What you write should be the line containing "Required output: the" followed by every line after it to the end of the listing, exactly as given, and nothing more.

» **STORED DATA**
*****
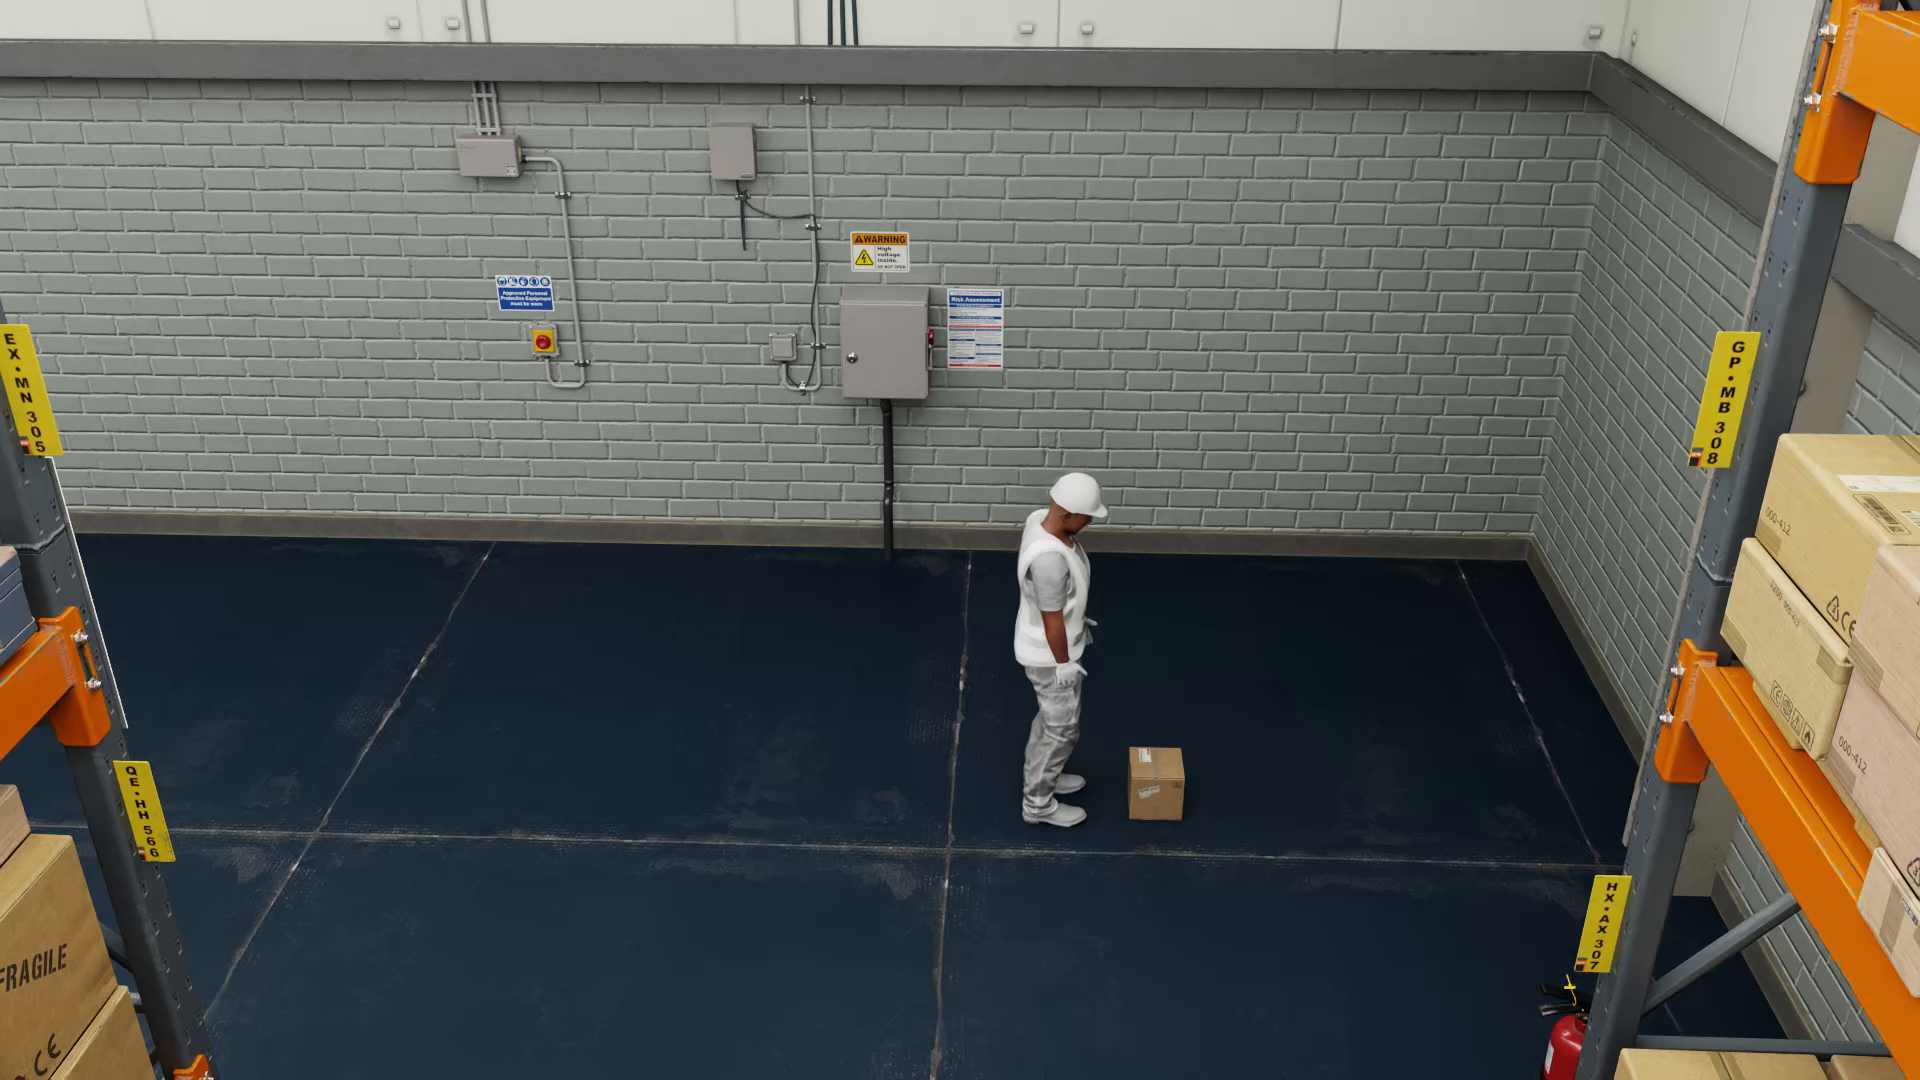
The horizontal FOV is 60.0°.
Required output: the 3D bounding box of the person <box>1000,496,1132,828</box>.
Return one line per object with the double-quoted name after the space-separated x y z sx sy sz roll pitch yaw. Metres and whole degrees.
0.480 0.536 7.732 0.584 1.644 0.594 1 28 3 "person"
*****
» **OUTPUT FOR THIS EXERCISE**
Required output: the 3D bounding box of the person <box>1000,496,1132,828</box>.
Return one line per object with the double-quoted name after the space-separated x y z sx sy sz roll pitch yaw. Metres and whole degrees.
0.480 0.536 7.732 0.584 1.644 0.594 1 28 3 "person"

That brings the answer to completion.